George William Francis Sackville Russell, 10th Duke of Bedford DL (16 April 1852 – 23 March 1893) was a British peer and politician. He was the son of Francis Russell, 9th Duke of Bedford and Lady Elizabeth Sackville-West.

Russell graduated from Balliol College, Oxford in 1874 with a Bachelor of Arts (B.A.) and was admitted to Lincoln's Inn, as a barrister.

On 24 October 1876, he married Lady Adeline Marie Somers, daughter of Charles Somers, 3rd Earl Somers. They had no children, but it is known that he had at least one illegitimate child, an Indian daughter. She lived with the pair until her father died and was then sent to live with her uncle, Herbrand Russell, and his family. She lived on the estate until she was married.
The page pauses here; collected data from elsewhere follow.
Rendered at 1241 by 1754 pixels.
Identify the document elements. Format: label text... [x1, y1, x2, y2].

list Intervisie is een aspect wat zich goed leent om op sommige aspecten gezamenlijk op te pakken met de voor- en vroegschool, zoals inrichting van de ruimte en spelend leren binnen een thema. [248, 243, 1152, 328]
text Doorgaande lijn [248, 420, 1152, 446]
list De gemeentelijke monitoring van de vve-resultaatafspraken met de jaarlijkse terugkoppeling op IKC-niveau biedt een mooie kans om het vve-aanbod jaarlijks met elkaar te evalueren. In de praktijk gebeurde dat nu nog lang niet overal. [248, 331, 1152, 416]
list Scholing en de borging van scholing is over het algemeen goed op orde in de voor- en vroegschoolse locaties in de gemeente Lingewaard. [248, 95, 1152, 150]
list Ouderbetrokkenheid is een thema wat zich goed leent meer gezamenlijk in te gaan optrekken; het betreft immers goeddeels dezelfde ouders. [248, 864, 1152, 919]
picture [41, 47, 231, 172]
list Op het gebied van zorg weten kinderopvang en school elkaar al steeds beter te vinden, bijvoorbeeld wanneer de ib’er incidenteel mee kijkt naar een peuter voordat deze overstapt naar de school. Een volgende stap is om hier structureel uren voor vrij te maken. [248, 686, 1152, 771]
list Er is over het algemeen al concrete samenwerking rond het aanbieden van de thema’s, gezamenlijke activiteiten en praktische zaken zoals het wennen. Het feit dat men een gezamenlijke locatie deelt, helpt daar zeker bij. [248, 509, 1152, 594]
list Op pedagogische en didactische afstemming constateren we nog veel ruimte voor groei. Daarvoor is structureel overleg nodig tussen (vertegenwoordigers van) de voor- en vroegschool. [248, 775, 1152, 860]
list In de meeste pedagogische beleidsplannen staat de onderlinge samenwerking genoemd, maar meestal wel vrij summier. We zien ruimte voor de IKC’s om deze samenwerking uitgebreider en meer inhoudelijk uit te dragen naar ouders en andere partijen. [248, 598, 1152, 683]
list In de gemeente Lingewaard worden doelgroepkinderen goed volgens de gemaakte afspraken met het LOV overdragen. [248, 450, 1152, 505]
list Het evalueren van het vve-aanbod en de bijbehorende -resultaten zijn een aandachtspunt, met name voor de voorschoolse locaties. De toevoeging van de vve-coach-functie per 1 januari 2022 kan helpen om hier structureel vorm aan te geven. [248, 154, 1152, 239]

Russell was a Liberal Member of Parliament for Bedfordshire between 1875 and 1885, when the constituency was abolished. He was High Sheriff of Bedfordshire in 1889 and was later a Deputy Lieutenant of the county.

In 1891, Russell inherited the title of Duke of Bedford, together with Woburn Abbey and several other estates which went with it, including Chenies, Buckinghamshire, and the Bedford Estate, a sizeable area of central London including Bedford Square, Russell Square, Bloomsbury Square and Covent Garden.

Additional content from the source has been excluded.